Я приложился… И опустил ружье.
Это был Заливай.
Он смолк, метнулся по полю в одну сторону, потом в другую. Подбежал под самый жальник, поднял голову и на миг уставился на меня. Но сейчас же тявкнул, уверенно взял след и помчался вправо от меня – через дорогу.
Еще минутку мелькали в сутеми его белые чулки и – исчезли.
Он пошел прямо на опушку, где стоял Василий Алексеевич, и я невольно задержал дыхание: вот раздастся выстрел.
Но лай Заливая удалялся, а выстрела не было.
Я выпустил распиравший грудь воздух.
Признаюсь: чувствовал я себя не совсем уютно.
Поведение гончей было совершенно недвусмысленно: Заливай шел по следу; он прошел под самым жальником – у меня под ногами; значит, до него прошел у меня под ногами и зверь.
Тот зверь, которого я не мог назвать.
Прошел, как привидение: беззвучно, невидимо.
Но если я его не видел и не слышал, то он-то не мог меня не видеть: ведь я стоял на холме и снизу был, конечно, очень заметен на ясном небе. Да и чутье должно было его предупредить о присутствии человека: ночной ветерок тянул как раз справа от меня к той опушке, откуда он вышел.
Какой зверь мог пройти в двадцати шагах от меня, оставшись незамеченным?

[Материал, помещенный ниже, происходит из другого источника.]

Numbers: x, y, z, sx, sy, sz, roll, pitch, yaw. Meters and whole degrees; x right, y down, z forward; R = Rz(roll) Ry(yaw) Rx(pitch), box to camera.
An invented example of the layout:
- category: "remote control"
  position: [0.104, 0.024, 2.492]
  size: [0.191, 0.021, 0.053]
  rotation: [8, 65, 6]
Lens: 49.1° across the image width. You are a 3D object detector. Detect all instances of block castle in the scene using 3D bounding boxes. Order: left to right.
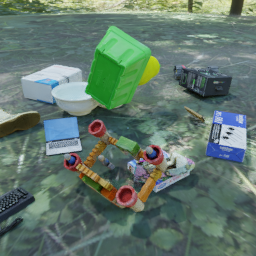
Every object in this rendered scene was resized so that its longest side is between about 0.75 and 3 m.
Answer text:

И даже не зашуршать когтями по опавшей листве на опушке!
Василий Алексеевич тоже не выстрелил, – значит, зверь и у него прошел невидимкой.
Голос Заливая потерялся уже в глубине леса.
Я вдруг почувствовал, что ночь холодная, а мне очень жарко.
Так или иначе, дело было кончено: зверь прошел и уж, конечно, сюда не вернется.
Я опустил предохранитель и повесил ружье на плечо. Закуривая на ходу, спустился с жальника.
С Василием Алексеевичем мы сошлись на дороге.
– Видели? – спросил он.
– В том-то и дело, что нет.
– Я видел. Крупный зверь. Как из-под земли вырос. На широких махах подошел к опушке и стал за кустами. Близко. Голову держит высоко.
– Да кто же?
– Не знаю. Невозможно было разглядеть.
– Осечка?
– Нет; просто не стрелял.
– Вот тоже!..
– А вы попробуйте в такого – заячьей-то дробью!
– Ну и что же?
– Ну, потом сдвинулся и разом пропал за деревьями. Как сгинул. Шорох, правда, был. И два раза хрустнуло в лесу. Похоже, не он, а от него кто-нибудь бежал в разные стороны.
Василий Алексеевич замолчал. Тут только я сообразил, что оба мы все время зачем-то говорили шепотом.
Шагая по дороге, я совсем другими глазами всматривался в ночь, чем тогда, вначале, на жальнике. Нет, черт возьми, годы тут ни при чем. Луна свое взяла.
Подмораживало. Лунная мгла опустилась и остекленела. Заливая не было слышно.
Великое бессловесное – земля, лес, небо – давило меня своей непонятной немотой. Наверно, и Василия Алексеевича тоже. Но мы молчали: может быть, оба не решались начать разговора, в котором не хватало у нас главного слова.
Я думал про одно: как это я не увидел, а Василий Алексеевич видел, да не знает – кого?
К деревне мы подходили уже в полной ночной темноте: луну заволокло большой тучей.
Тут нас догнал Заливай.
Он подошел ко мне, остановился и как-то по-особенному, натужно тявкнул.
Уж не силился ли он вымолвить слово? Он-то ведь видел и знал.
Я положил ему руку на спину и почувствовал, как тяжело вздымаются его бока.
Спина была мокрая.
Заподозрив неладное, я достал спичку, осветил свою руку.
Она была в крови.
Василий Алексеевич осмотрел, ощупал Заливая.
– Радуйтесь, что собаку не потеряли, – сказал он хмуро. – Пустяками отделался – царапина.
Я подумал: «У нашего невидимки совсем не призрачные когти и зубы!»
За гумном горел костер. Я с удивлением увидел около него лохматого Сингала и колхозного пастуха – старика Митрея.
Сверху на костер надвинулась тьма. Старик сидел, как в шалаше.
– Что ты тут делаешь, дед?
– Да, вишь, овечку свежевать дали. Зверь утресь задрал, туды его когти! От силы прогнали.